Пообещав вернуться к ужину с Трулезандом, Роберт отправился на канал.
Герд Трулезанд оказался единственным рыболовом на всю округу. В выцветшем красном тренировочном костюме он сидел на полуобгоревшей покрышке, а рядом стояло пустое ведро. Подняв глаза, он сказал без всякого удивления:
— Ну-с, что слышно, Исваль? — потом сунул конец удочки под покрышку, встал и протянул Роберту руку. — Здравствуй, Роберт, вон еще одна покрышка. Можешь смело говорить погромче. Рыбы тебя не услышат. Они здесь не водятся.
— Им, видно, слишком скучно… Ну, старик, и местечко же ты выбрал!
— Да, мне всегда кажется, что этот город высосал всю жизнь вокруг себя. У вас, берлинцев, дело обстоит куда лучше.
— Увы, теперь нам не хватает атмосферы большого города, — ответил Роберт. — С каких пор ты балуешься удочкой? Это что, китайская привычка?
— Так я и знал. Если у меня развязался шнурок от ботинка, все спрашивают, не китайская ли это привычка.
— Мы мучаемся разными загадками, а ответ, быть может, в развязавшемся шнурке.
— Подобные вопросы вызывают у меня аллергию, ведь не пифия же я в конце концов.
— Вот она, разница между нами. Уж я бы, старик, насладился ролью оракула и отвечал бы только так: «Удить рыбу — для китайцев излюбленное занятие. Это национальное пристрастие нашло свое отражение в поговорке „рыбак видит много лун“, относящейся к периоду Минь».
— Все вы начитались китайских романов. А что касается наслаждения, то даже ты плюнул бы на него, если бы тысячу раз слышал, как тысячи председателей на собраниях говорят: «Этот товарищ семь лет прожил в Китае, он ответит на все ваши вопросы».
— Лучше, чем наоборот.
— Как это — наоборот?
— Ну, лучше, чем если б вовсе не спрашивали, как еще недавно было.
— Конечно, лучше, но ведь спрашивают всегда меня! И Розу тоже, но она хоть иногда может отговориться — дети, мол.

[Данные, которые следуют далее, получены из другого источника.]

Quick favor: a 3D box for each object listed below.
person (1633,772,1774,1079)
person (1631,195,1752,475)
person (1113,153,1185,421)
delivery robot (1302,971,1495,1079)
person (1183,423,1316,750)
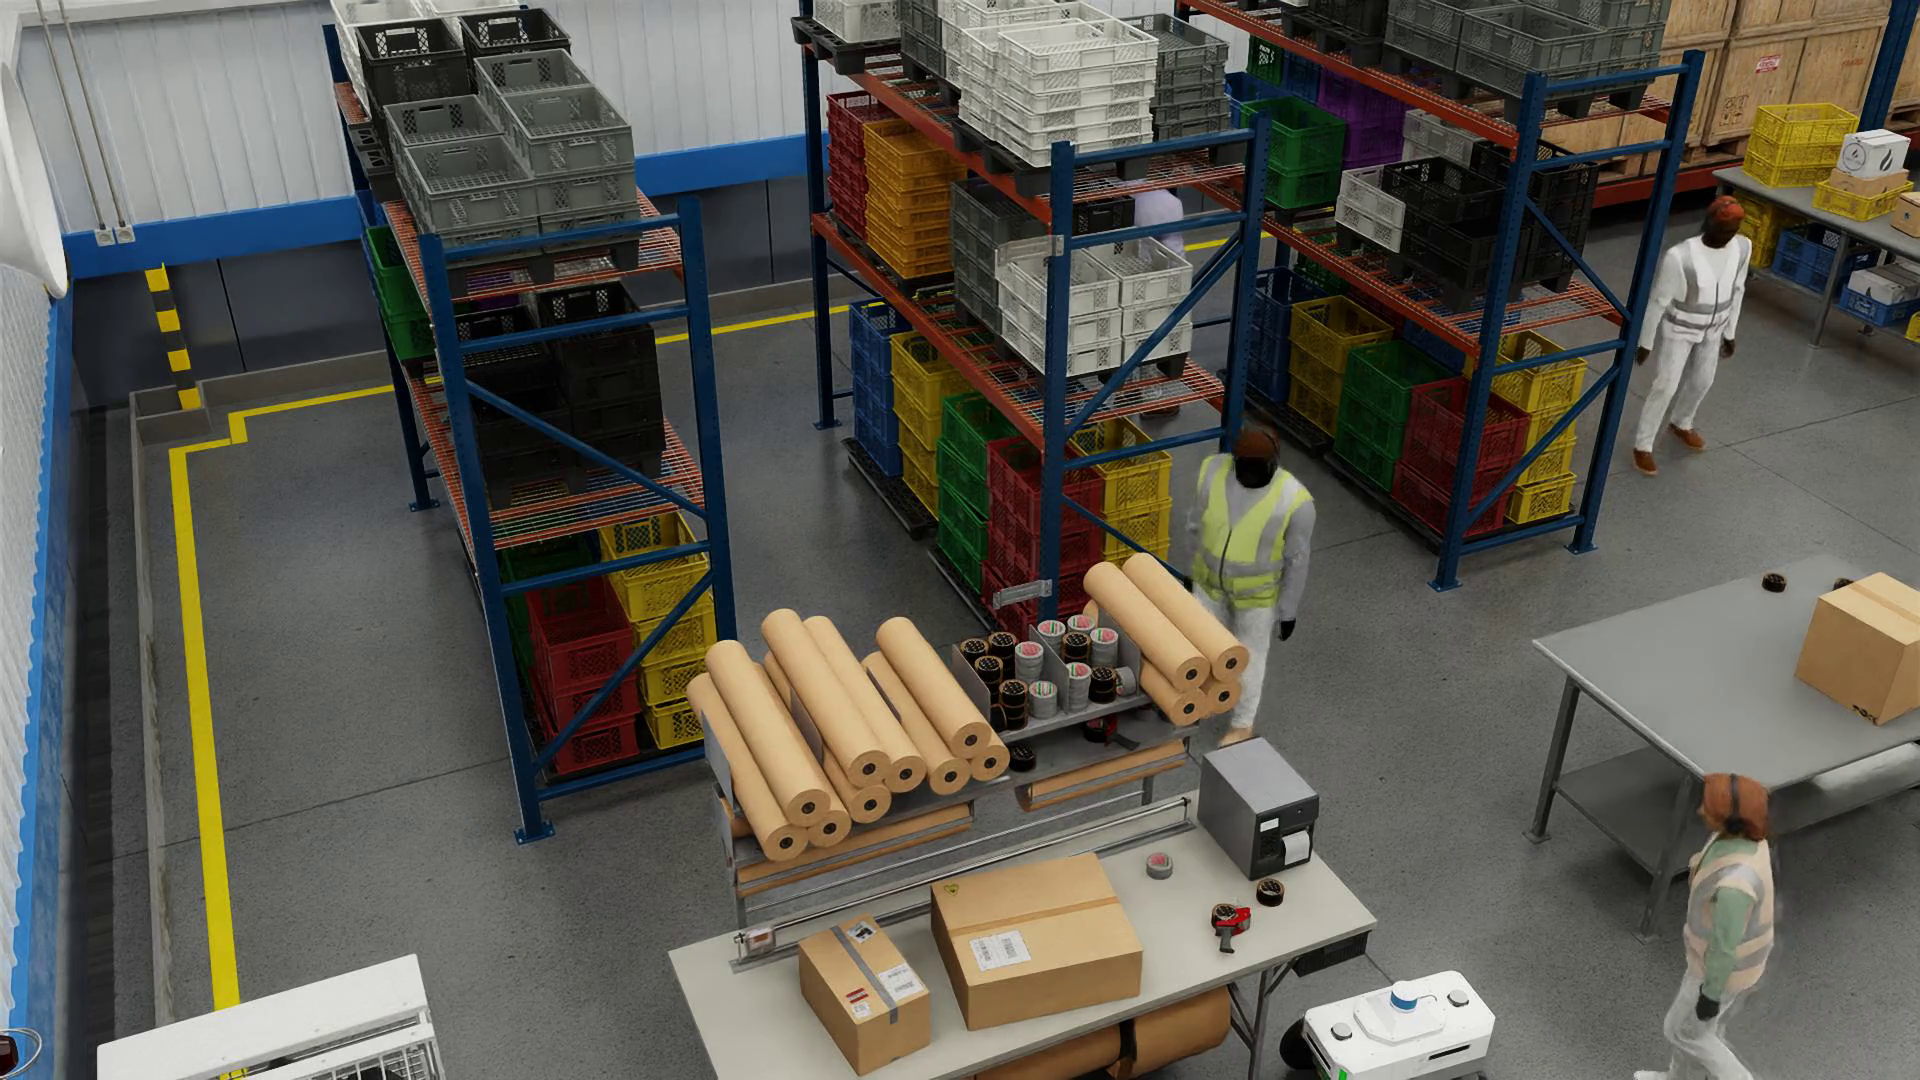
[{"bbox_3d":[2.860,1.549,6.152,0.532,1.612,0.546,14,34,22],"label":"person"},{"bbox_3d":[4.660,-1.347,10.618,0.760,1.871,0.524,-7,32,-11],"label":"person"},{"bbox_3d":[1.273,-1.753,11.213,0.372,1.940,0.627,-21,37,-30],"label":"person"},{"bbox_3d":[1.702,1.921,6.470,0.707,0.478,0.477,-10,33,-16],"label":"delivery robot"},{"bbox_3d":[1.384,0.223,8.129,0.653,1.826,0.495,20,37,29],"label":"person"}]

— Хорошо, рта больше не раскрою. Как это говорят в китайском народе со времен Чунской династии: «Мудрецу отвечает тишина».
— Чунской династии не существует. Это тоже одна из немецких выдумок. Всегда, когда немцы хотят показать, что знают Китай, они говорят «чинг» или «чунг». Говорите уж лучше: Мао или Нанкин-род{76}, компрадоры или Великий поход{77}, Конфуций, Сунь Ятсен, гоминьдан{78}, Шанхай, Чан Кайши, Хуанхэ, опиум, рис, союз, Яньань и шестьсот миллионов — это, правда, тоже общие места, но за ними по крайней мере угадывается часть Китая. А от вашего вечного «чинг-чанг» просто тошнит.
— Как по-китайски «так точно»? — спросил Роберт и попытался, сидя на своей покрышке, принять позу «смирно».
— Но ведь правда, — сказал Трулезанд, — теперь все вдруг заволновались, дошли какие-то слухи, а раньше просто принимали к сведению, что в Китае, кроме фарфора и голода, есть еще революция. «Ага, эти, стало быть, тоже», — сонно бормотали обыватели и поворачивались на другой бок, а теперь, как пошли разговорчики, что не все там гладко, сразу же глаза протерли.
— Но не всем же изучать синологию, кстати, разве ты сам не протираешь время от времени глаза?